An amendment was introduced to the Kenyan law in capital markets on Nov. 21 that would require those who own or deal in cryptocurrencies to provide the country’s Capital Markets Authority with information on their activities for tax purposes, local media report. This is the first time Kenya has extended financial regulation to cryptocurrency.
Under the Capital Markets (Amendment) Bill, Kenyans would pay capital gains taxes to the Kenyan Revenue Authority when they sell or use digital currencies. Cryptocurrency held for less than a year would be subject to income tax, while after that capital gains tax would apply. Kenya has an income tax that ranges from 10% to 30%. Banks already charge an excise duty of 20% on all commissions and fees on crypto trades.

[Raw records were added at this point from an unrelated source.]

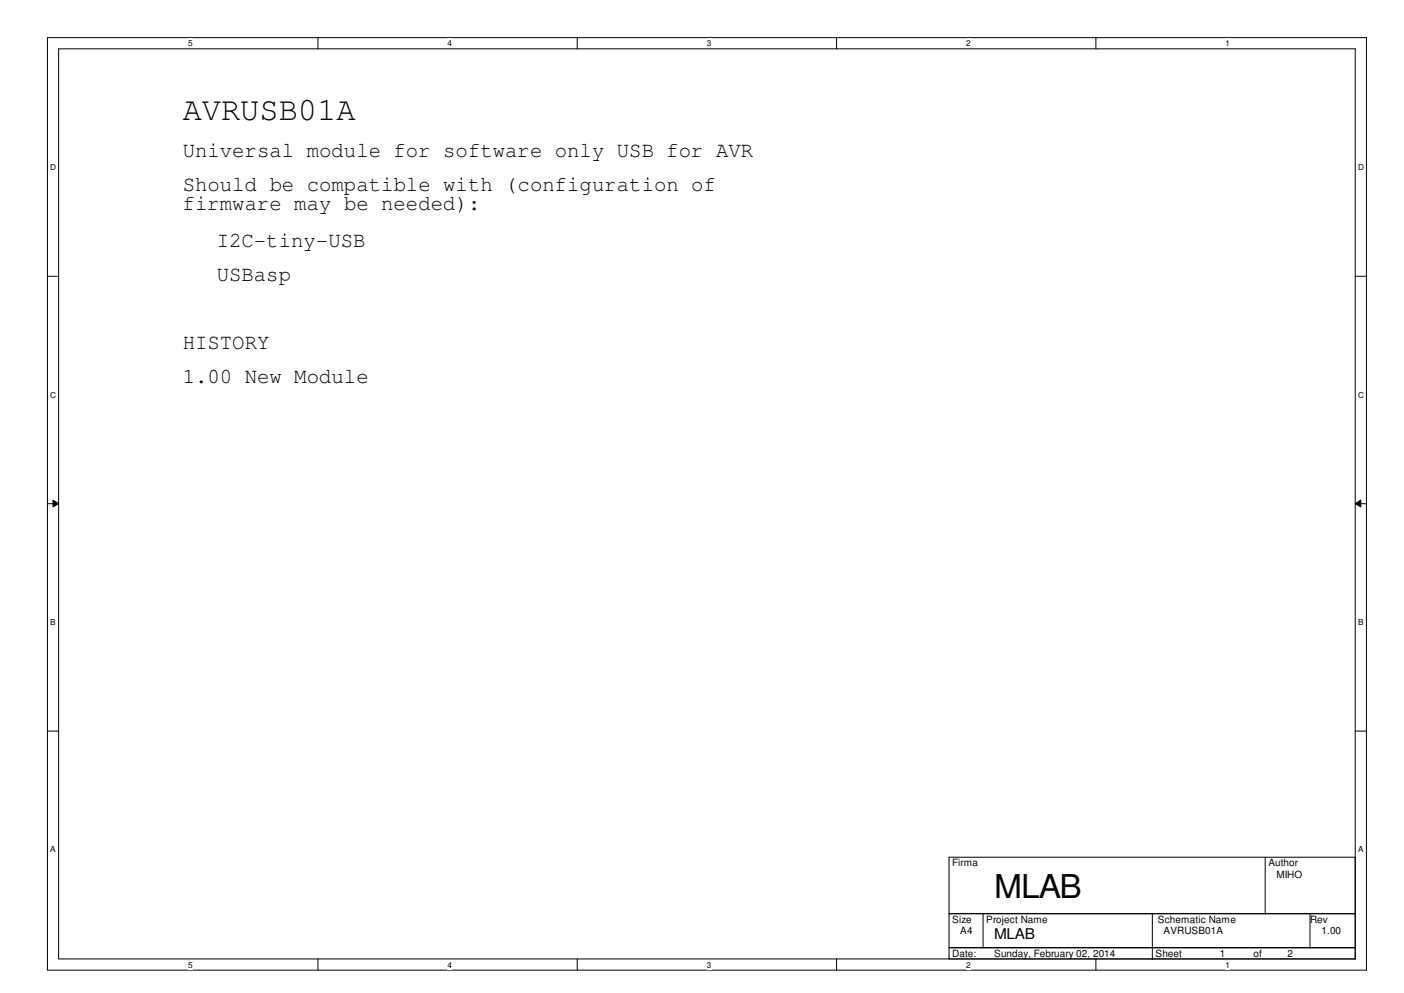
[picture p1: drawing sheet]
<svg xmlns="http://www.w3.org/2000/svg" width="297mm" height="210mm" viewBox="0 0 297 210" stroke-linecap="round" stroke-linejoin="round" font-family="sans-serif">
<defs><g id="words">
<g font-size="6.9">
<text x="38.6" y="25.4">AVRUSB01A</text>
<text x="210.4" y="189.8">MLAB</text>
</g>
<g font-size="4.6">
<text x="38.6" y="33.2">Universal module for software only USB for AVR</text>
<text x="38.6" y="40.3">Should be compatible with (configuration of</text>
<text x="38.6" y="44.4">firmware may be needed):</text>
<text x="45.8" y="52.2">I2C-tiny-USB</text>
<text x="45.8" y="59.4">USBasp</text>
<text x="38.6" y="73.7">HISTORY</text>
<text x="38.6" y="80.9">1.00 New Module</text>
</g>
<text font-size="3.1" x="210.4" y="198.5">MLAB</text>
<g font-size="2.1">
<text x="201.5" y="183.2">Firma</text>
<text x="268.3" y="183.2">Author</text>
<text x="270" y="185.6">MIHO</text>
<text x="201.5" y="195.2">Size</text>
<text x="203.2" y="197.5">A4</text>
<text x="208.7" y="195.2">Project Name</text>
<text x="245" y="195.2">Schematic Name</text>
<text x="246.2" y="197.5">AVRUSB01A</text>
<text x="277.2" y="195.2">Rev</text>
<text x="279.6" y="197.5">1.00</text>
<text x="201.5" y="202.4">Date:</text>
<text x="210.4" y="202.4">Sunday, February 02, 2014</text>
<text x="244.5" y="202.4">Sheet</text>
<text x="258.1" y="202.4">1</text>
<text x="265.2" y="202.4">of</text>
<text x="272.4" y="202.4">2</text>
</g>
<g font-size="1.7">
<text x="39.8" y="9.8">5</text>
<text x="94.7" y="9.8">4</text>
<text x="149.6" y="9.8">3</text>
<text x="204.4" y="9.8">2</text>
<text x="259.3" y="9.8">1</text>
<text x="10.6" y="36">D</text>
<text x="287.3" y="36">D</text>
<text x="10.6" y="84.1">C</text>
<text x="287.3" y="84.1">C</text>
<text x="10.6" y="132.2">B</text>
<text x="287.3" y="132.2">B</text>
<text x="10.6" y="180.3">A</text>
<text x="287.3" y="180.3">A</text>
<text x="39.8" y="204.6">5</text>
<text x="94.7" y="204.6">4</text>
<text x="149.6" y="204.6">3</text>
<text x="204.4" y="204.6">2</text>
<text x="259.3" y="204.6">1</text>
</g>
</g></defs>
<path d="M10 8h279.1v197.1h-279.1zM12.4 10.3h274.3v192.5h-274.3z" fill="none" stroke="#000" stroke-width=".21"/>
<g fill="#fff">
<path d="M39.8 8.2h1v2h-1z"/>
<path d="M39.8 203h1v2h-1z"/>
</g>
<path d="M67.3 8v2.3M67.3 202.8v2.3" fill="none" stroke="#000" stroke-width=".21"/>
<g fill="#fff">
<path d="M94.7 8.2h.9v2h-.9z"/>
<path d="M94.7 203h.9v2h-.9z"/>
</g>
<path d="M122.1 8v2.3M122.1 202.8v2.3" fill="none" stroke="#000" stroke-width=".21"/>
<g fill="#fff">
<path d="M149.6 8.2h.9v2h-.9z"/>
<path d="M149.6 203h.9v2h-.9z"/>
</g>
<path d="M177 8v2.3M177 202.8v2.3" fill="none" stroke="#000" stroke-width=".21"/>
<g fill="#fff">
<path d="M204.4 8.2h1v2h-1z"/>
<path d="M204.4 203h1v2h-1z"/>
</g>
<path d="M231.9 8v2.3M231.9 202.8v2.3" fill="none" stroke="#000" stroke-width=".21"/>
<g fill="#fff">
<path d="M259.3 8.2h.9v2h-.9z"/>
<path d="M259.3 203h.9v2h-.9z"/>
<path d="M10.6 34.4h1.2v1.9h-1.2z"/>
<path d="M287.3 34.4h1.2v1.9h-1.2z"/>
<path d="M10.6 82.5h1.2v1.9h-1.2z"/>
<path d="M287.3 82.5h1.2v1.9h-1.2z"/>
</g>
<path d="M10 58.4h2.4M286.7 58.4h2.4" fill="none" stroke="#000" stroke-width=".21"/>
<g fill="#fff">
<path d="M10.6 130.6h1.1v1.9h-1.1z"/>
<path d="M287.3 130.6h1.1v1.9h-1.1z"/>
</g>
<path d="M10 106.5h2.4M11.2 105.7l1.2 .8-1.2 .7zM286.7 106.5l1.2-.8v1.5zM286.7 106.5h2.4" fill="none" stroke="#000" stroke-width=".21"/>
<path d="M11.2 105.7l1.2 .8-1.2 .7zM286.7 106.5l1.2-.8v1.5z" fill="#000"/>
<g fill="#fff">
<path d="M10.6 178.6h1.1v2h-1.1z"/>
<path d="M287.3 178.6h1.1v2h-1.1z"/>
</g>
<path d="M10 154.6h2.4M286.7 154.6h2.4M200.8 181.3h85.9v21.5h-85.9zM200.8 193.2h85.9M208 193.2v7.3M243.8 193.2v9.7M267.7 181.3v12M277.2 193.2v7.3M200.8 200.4h85.9" fill="none" stroke="#000" stroke-width=".21"/>
<use href="#words"/>
</svg>
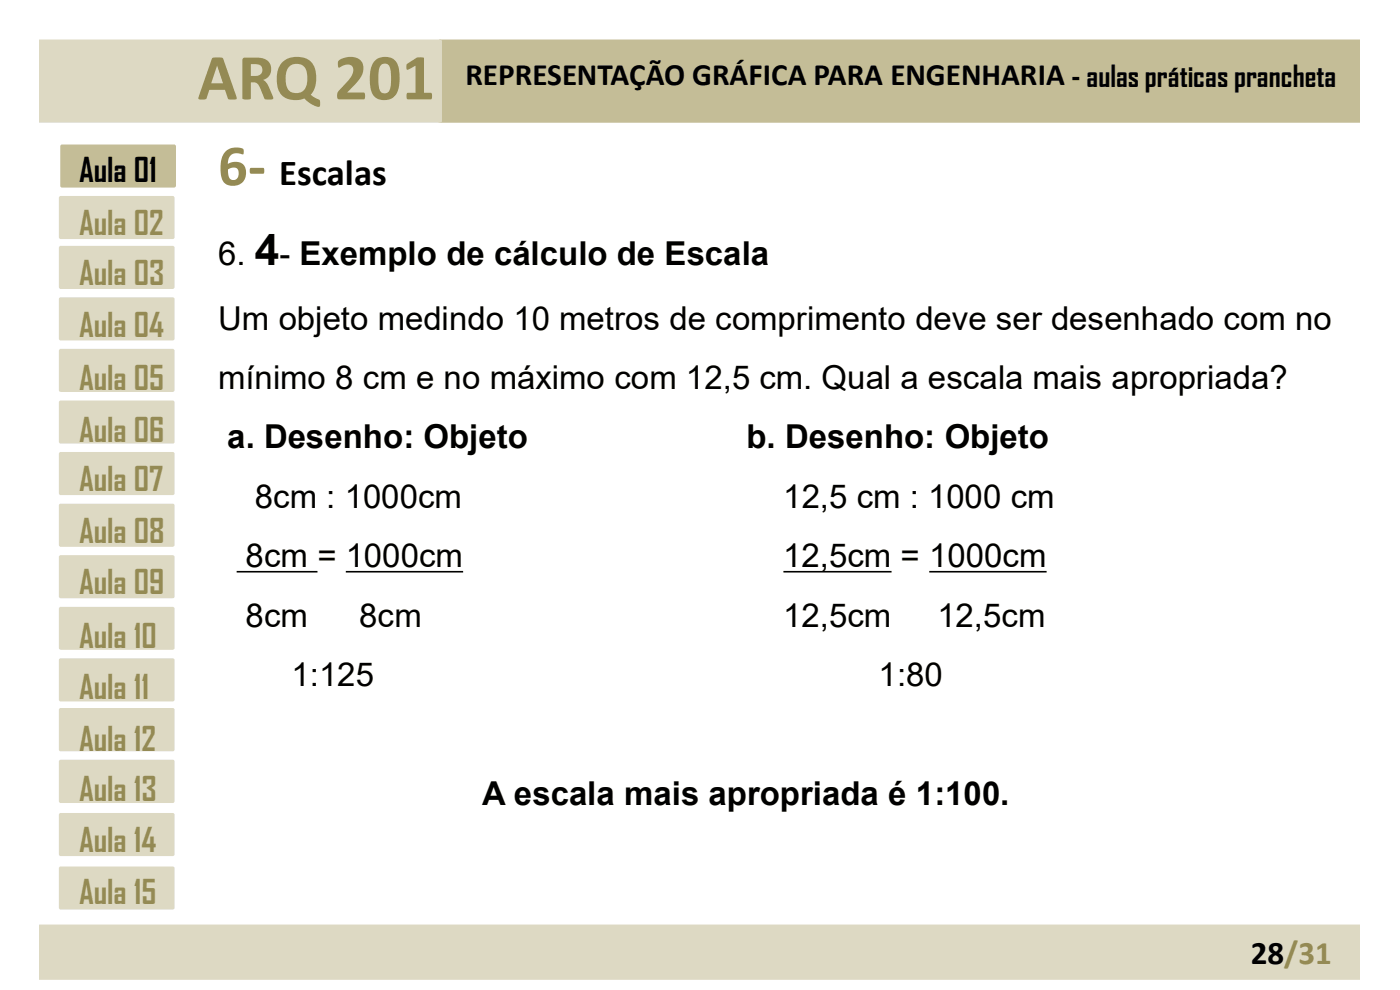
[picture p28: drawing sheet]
<svg xmlns="http://www.w3.org/2000/svg" width="297mm" height="210mm" viewBox="0 0 297 210" stroke-linecap="round" stroke-linejoin="round" font-family="sans-serif">
<defs><g id="words">
<text font-size="14" fill="#948a54" x="41.9" y="21.1">ARQ 201</text>
<text font-size="12.4" fill="#948a54" x="46.3" y="39.3">6-</text>
<text font-size="9.4" x="54.1" y="56.3">4</text>
<text font-size="7.8" x="59.2" y="39.3">Escalas</text>
<g font-size="7">
<text x="16.8" y="38.6">Aula 01</text>
<text x="46.3" y="56.3">6.</text>
<text x="59.3" y="56.3">- Exemplo de cálculo de Escala</text>
<text x="46.3" y="69.9">Um objeto medindo 10 metros de comprimento deve ser desenhado com no</text>
<text x="46.3" y="82.6">mínimo 8 cm e no máximo com 12,5 cm. Qual a escala mais apropriada?</text>
<text x="48.2" y="95.1">a. Desenho: Objeto</text>
<text x="158.4" y="95.1">b. Desenho: Objeto</text>
<text x="54.1" y="107.7">8cm : 1000cm</text>
<text x="166.2" y="107.7">12,5 cm : 1000 cm</text>
<text x="52.1" y="120.4">8cm = 1000cm</text>
<text x="166.2" y="120.4">12,5cm = 1000cm</text>
<text x="52.1" y="133">8cm</text>
<text x="76.2" y="133">8cm</text>
<text x="166.2" y="133">12,5cm</text>
<text x="198.9" y="133">12,5cm</text>
<text x="61.8" y="145.6">1:125</text>
<text x="186.4" y="145.6">1:80</text>
<text x="102.3" y="170.8">A escala mais apropriada é 1:100.</text>
<text x="265.3" y="204.5">28/31</text>
</g>
<g font-size="7" fill="#948a54">
<text x="16.8" y="49.9">Aula 02</text>
<text x="16.8" y="60.5">Aula 03</text>
<text x="16.8" y="71.4">Aula 04</text>
<text x="16.8" y="82.7">Aula 05</text>
<text x="16.8" y="93.7">Aula 06</text>
<text x="16.8" y="104.2">Aula 07</text>
<text x="16.8" y="115.1">Aula 08</text>
<text x="16.8" y="126.1">Aula 09</text>
<text x="16.8" y="137.4">Aula 10</text>
<text x="16.8" y="148.4">Aula 11</text>
<text x="16.8" y="159.3">Aula 12</text>
<text x="16.8" y="169.8">Aula 13</text>
<text x="16.8" y="180.8">Aula 14</text>
<text x="16.8" y="191.7">Aula 15</text>
</g>
<text font-size="6.6" x="98.8" y="18.1">REPRESENTAÇÃO GRÁFICA PARA ENGENHARIA - aulas práticas prancheta</text>
</g></defs>
<path d="M50.2 121.1h17.2v.4h-17.2zM73.4 121.1h24.9v.4h-24.9zM166.2 121.1h22.9v.4h-22.9zM197.1 121.1h24.9v.4h-24.9z" fill-rule="evenodd" fill="#000"/>
<g fill="#c4bd97">
<path d="M93.3 8.8h195.2v16.9h-195.2z"/>
<path d="M93 8.6l.3-.2h195.2l.1 17.6h-195.3l-.4-.3zM93.7 8.8v16.9l-.4-.4h195.2l-.3 .4v-16.9l.3 .3h-195.2z"/>
</g>
<g fill="#ddd9c3">
<path d="M8.5 196.6h280v10.9h-280z"/>
<path d="M8.5 8.8h84.9v16.9h-84.9z"/>
<path d="M8.5 196.1h280l.1 11.7-280.1 .1zM8.5 196.9l.4-.3v10.9l-.4-.4h280l-.3 .4v-10.9l.3 .3z"/>
<path d="M8.5 8.4h84.9l.4 .4v16.9l-.4 .3h-84.9zM8.5 9.1l.4-.3v16.9l-.4-.4h84.9l-.4 .4v-16.9l.4 .3z"/>
</g>
<g fill="#c4bd97">
<path d="M13.2 31h23.7v8.4h-23.7z"/>
<path d="M13 30.7h24.1l.2 .3v8.6l-.4 .2-23.9-.1-.2-.3v-8.4zM13.5 31v8.4l-.3-.4h23.7l-.4 .4v-8.4l.4 .4h-23.7z"/>
</g>
<g fill="#ddd9c3">
<path d="M12.9 42h23.7v8.3h-23.7z"/>
<path d="M12.9 52.5h23.7v8.4h-23.7z"/>
<path d="M12.9 63.5h23.7v8.3h-23.7z"/>
<path d="M12.9 74.4h23.7v8.4h-23.7z"/>
<path d="M12.9 85.3h23.7v8.4h-23.7z"/>
<path d="M12.9 96.3h23.7v8.3h-23.7z"/>
<path d="M12.9 107.2h23.7v8.4h-23.7z"/>
<path d="M12.9 118.2h23.7v8.3h-23.7z"/>
<path d="M12.9 129.1h23.7v8.4h-23.7z"/>
<path d="M12.9 140h23.7v8.4h-23.7z"/>
<path d="M12.9 150.6h23.7v8.4h-23.7z"/>
<path d="M12.9 161.5h23.7v8.4h-23.7z"/>
<path d="M12.9 172.8h23.7v8.4h-23.7z"/>
<path d="M12.9 184.2h23.7v8.3h-23.7z"/>
<path d="M12.7 41.6h24.1l.2 .4v8.5l-.4 .2h-23.9l-.2-.4v-8.3zM12.9 42.4l.4-.4v8.3l-.4-.3h23.7l-.4 .3v-8.3l.4 .4z"/>
<path d="M12.7 52.2h24.1l.2 .3v8.6l-.4 .2-23.9-.1-.2-.3v-8.4zM12.9 52.9l.4-.4v8.4l-.4-.4h23.7l-.4 .4v-8.4l.4 .4z"/>
<path d="M12.7 63.1h24.1l.2 .4v8.5l-.4 .2h-23.9l-.2-.4v-8.3zM12.9 63.8l.4-.3v8.3l-.4-.3h23.7l-.4 .3v-8.3l.4 .3z"/>
<path d="M12.7 74.1h24.1l.2 .3v8.6l-.4 .1h-23.9l-.2-.3v-8.4zM12.9 74.8l.4-.4v8.4l-.4-.4h23.7l-.4 .4v-8.4l.4 .4z"/>
<path d="M12.7 85h24.1l.2 .3v8.6l-.4 .2h-23.9l-.2-.4v-8.4zM12.9 85.7l.4-.4v8.4l-.4-.4h23.7l-.4 .4v-8.4l.4 .4z"/>
<path d="M12.7 95.9h24.1l.2 .4v8.5l-.4 .2h-23.9l-.2-.4v-8.3zM13.3 96.3v8.3l-.4-.3h23.7l-.4 .3v-8.3l.4 .4h-23.7z"/>
<path d="M12.7 106.9h24.1l.2 .3v8.6l-.4 .2-23.9-.1-.2-.3v-8.4zM12.9 107.6l.4-.4v8.4l-.4-.4h23.7l-.4 .4v-8.4l.4 .4z"/>
<path d="M12.7 117.8h24.1l.2 .4v8.5l-.4 .2h-23.9l-.2-.4v-8.3zM12.9 118.5l.4-.3v8.3l-.4-.3h23.7l-.4 .3v-8.3l.4 .3z"/>
<path d="M12.7 128.8h24.1l.2 .3v8.5l-.4 .2h-23.9l-.2-.3v-8.4zM13.3 129.1v8.4l-.4-.4h23.7l-.4 .4v-8.4l.4 .4h-23.7z"/>
<path d="M12.7 139.7h24.1l.2 .3v8.6l-.4 .2-23.9-.1-.2-.3v-8.4zM12.9 140.4l.4-.4v8.4l-.4-.4h23.7l-.4 .4v-8.4l.4 .4z"/>
<path d="M12.7 150.3h24.1l.2 .3v8.6l-.4 .2-23.9-.1-.2-.3v-8.4zM13.3 150.6v8.4l-.4-.4h23.7l-.4 .4v-8.4l.4 .4h-23.7z"/>
<path d="M12.7 161.2h24.1l.2 .3v8.6l-.4 .2h-23.9l-.2-.4v-8.4zM12.9 161.9l.4-.4v8.4l-.4-.4h23.7l-.4 .4v-8.4l.4 .4z"/>
<path d="M12.7 172.5h24.1l.2 .3v8.6l-.4 .2h-23.9l-.2-.4v-8.4zM13.3 172.8v8.4l-.4-.4h23.7l-.4 .4v-8.4l.4 .5h-23.7z"/>
<path d="M12.7 183.9h24.1l.2 .3v8.6l-.4 .2-23.9-.1-.2-.4v-8.3zM12.9 184.6l.4-.4v8.3l-.4-.3h23.7l-.4 .3v-8.3l.4 .4z"/>
</g>
<use href="#words"/>
</svg>

Author of the bill MP Abraham Kirwa said:
“The amendment will provide for […] the definition of digital currencies, its creation through crypto mining and provide for regulations around trading of digital currencies. […] The amendment will also outline responsibilities of persons or businesses trading in digital currencies, provide for its taxation, ownership and provide for promotion of innovation in this area.”
The bill would define digital currencies as securities, provide for the licensing of individual crypto traders and create a centralized electronic register of transactions in digital currencies in the country. It would also institute consumer protection measures, such as by creating a fund “to protect investors from financial loss arising from the failure of a licenced broker or dealer” and privacy guarantees.
Related: From smart insurance to on-chain document verification: Here’s how Near aims to improve Kenya
A Chainalysis survey released in September ranked Kenya 19th worldwide in cryptocurrency adoption and fifth in peer-to-peer trading. The proposed amendment comes simultaneously with a call by Kenyan President William Ruto to double the country’s tax base. The country has about 4 million cryptocurrency users. At about 8.5% of the population, that gives Kenya the world’s fifth highest rate of ownership.